In the entries below, find the line with "31 2013<fcel>June 30" and the line with "Describe this image"; copy them and every line between them exactly, but not the pictures.

Segment Start: Extracted material

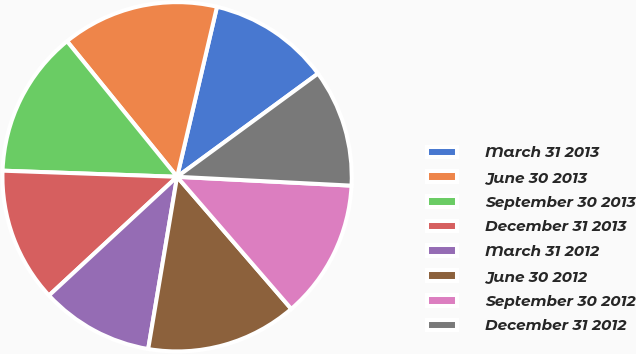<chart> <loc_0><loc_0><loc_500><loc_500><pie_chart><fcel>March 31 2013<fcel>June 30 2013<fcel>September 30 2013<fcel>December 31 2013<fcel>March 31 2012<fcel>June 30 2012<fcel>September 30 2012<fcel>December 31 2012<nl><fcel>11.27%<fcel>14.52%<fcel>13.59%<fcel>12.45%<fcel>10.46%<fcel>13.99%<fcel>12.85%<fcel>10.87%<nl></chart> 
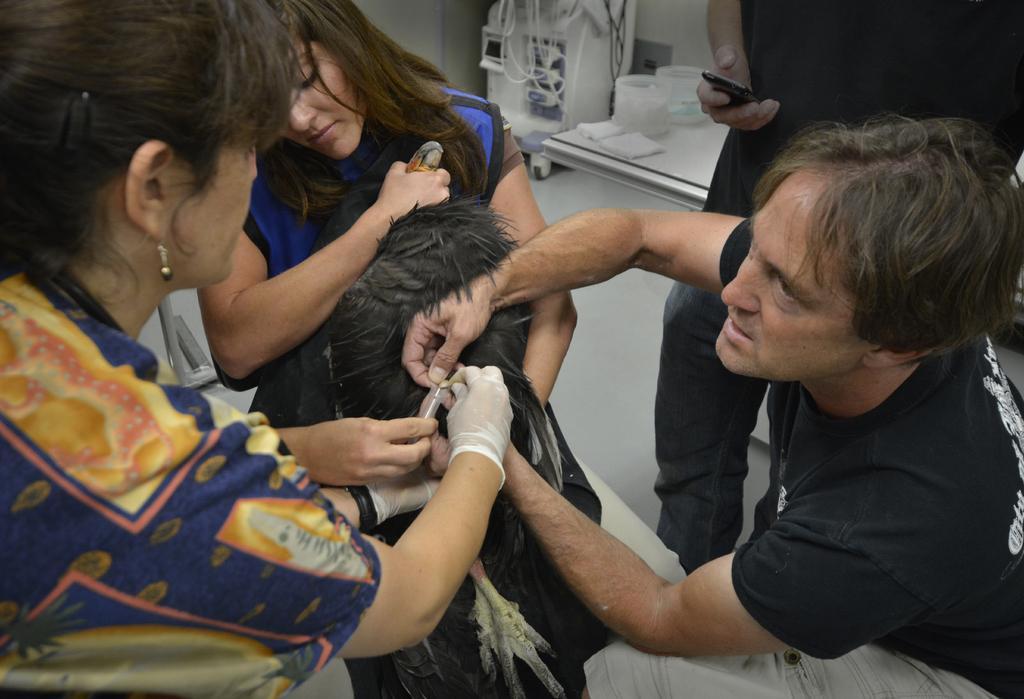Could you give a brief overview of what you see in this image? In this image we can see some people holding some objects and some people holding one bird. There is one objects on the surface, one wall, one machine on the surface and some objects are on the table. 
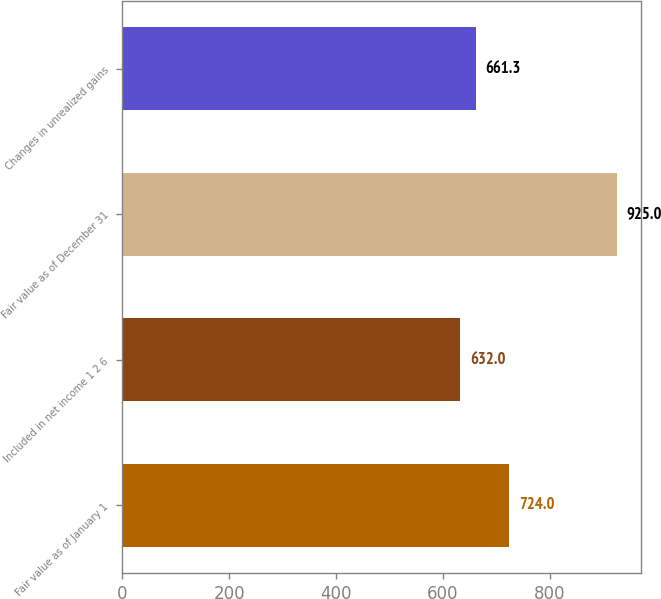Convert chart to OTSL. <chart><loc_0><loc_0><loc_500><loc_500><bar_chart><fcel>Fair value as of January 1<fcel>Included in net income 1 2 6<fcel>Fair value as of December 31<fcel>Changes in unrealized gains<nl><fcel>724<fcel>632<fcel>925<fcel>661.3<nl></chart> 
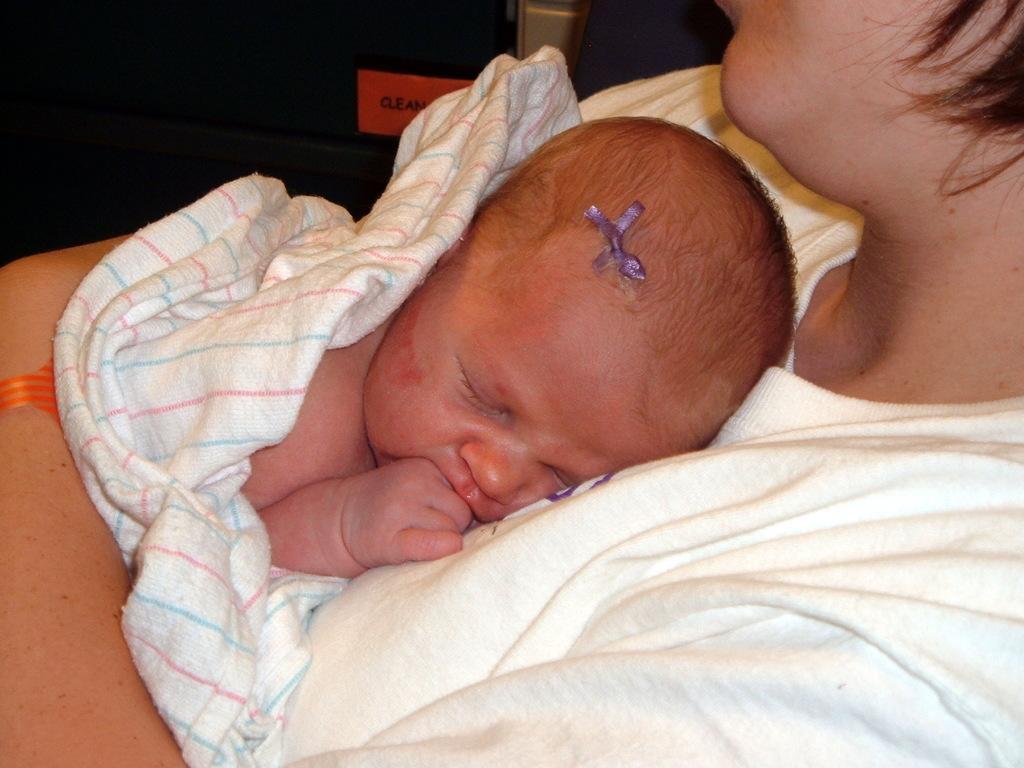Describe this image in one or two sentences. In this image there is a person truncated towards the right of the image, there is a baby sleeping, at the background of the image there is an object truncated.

Segment End: Extracted material
Segment Start: Extracted material

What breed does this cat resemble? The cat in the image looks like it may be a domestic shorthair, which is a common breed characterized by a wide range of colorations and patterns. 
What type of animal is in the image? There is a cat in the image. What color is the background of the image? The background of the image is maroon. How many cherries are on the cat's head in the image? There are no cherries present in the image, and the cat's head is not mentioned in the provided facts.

Segment End: Extracted material
Segment Start: Extracted material

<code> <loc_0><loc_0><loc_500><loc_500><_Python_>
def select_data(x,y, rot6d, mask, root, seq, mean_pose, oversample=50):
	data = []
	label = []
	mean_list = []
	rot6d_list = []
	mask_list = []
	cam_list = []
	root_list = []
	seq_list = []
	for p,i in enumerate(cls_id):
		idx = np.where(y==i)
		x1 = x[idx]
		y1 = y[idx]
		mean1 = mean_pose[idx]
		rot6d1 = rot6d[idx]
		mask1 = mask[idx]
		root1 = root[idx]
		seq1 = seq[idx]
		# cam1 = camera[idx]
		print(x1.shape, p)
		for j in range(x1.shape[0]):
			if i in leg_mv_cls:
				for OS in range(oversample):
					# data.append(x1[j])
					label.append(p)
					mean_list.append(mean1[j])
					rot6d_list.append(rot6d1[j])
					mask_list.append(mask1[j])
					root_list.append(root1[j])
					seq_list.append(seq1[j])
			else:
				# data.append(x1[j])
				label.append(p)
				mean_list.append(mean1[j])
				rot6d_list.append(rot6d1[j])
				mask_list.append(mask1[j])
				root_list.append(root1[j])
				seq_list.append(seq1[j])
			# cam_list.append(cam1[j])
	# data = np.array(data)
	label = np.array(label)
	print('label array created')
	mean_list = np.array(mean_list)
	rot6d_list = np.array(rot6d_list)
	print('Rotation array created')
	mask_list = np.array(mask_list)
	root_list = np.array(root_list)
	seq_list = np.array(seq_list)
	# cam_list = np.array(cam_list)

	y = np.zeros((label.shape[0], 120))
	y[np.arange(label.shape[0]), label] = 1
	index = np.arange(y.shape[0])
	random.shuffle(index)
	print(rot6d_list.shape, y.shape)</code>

Segment End: Extracted material

**Answer space:**
<chart> <loc_0><loc_0><loc_500><loc_500><pie_chart><fcel>March 31 2013<fcel>June 30 2013<fcel>September 30 2013<fcel>December 31 2013<fcel>March 31 2012<fcel>June 30 2012<fcel>September 30 2012<fcel>December 31 2012<nl><fcel>11.27%<fcel>14.52%<fcel>13.59%<fcel>12.45%<fcel>10.46%<fcel>13.99%<fcel>12.85%<fcel>10.87%<nl></chart> 
Could you give a brief overview of what you see in this image? In this image we can see some people holding some objects and some people holding one bird. There is one objects on the surface, one wall, one machine on the surface and some objects are on the table. 
Convert chart to OTSL. <chart><loc_0><loc_0><loc_500><loc_500><bar_chart><fcel>Fair value as of January 1<fcel>Included in net income 1 2 6<fcel>Fair value as of December 31<fcel>Changes in unrealized gains<nl><fcel>724<fcel>632<fcel>925<fcel>661.3<nl></chart> 
Describe this image in one or two sentences. In this image there is a person truncated towards the right of the image, there is a baby sleeping, at the background of the image there is an object truncated.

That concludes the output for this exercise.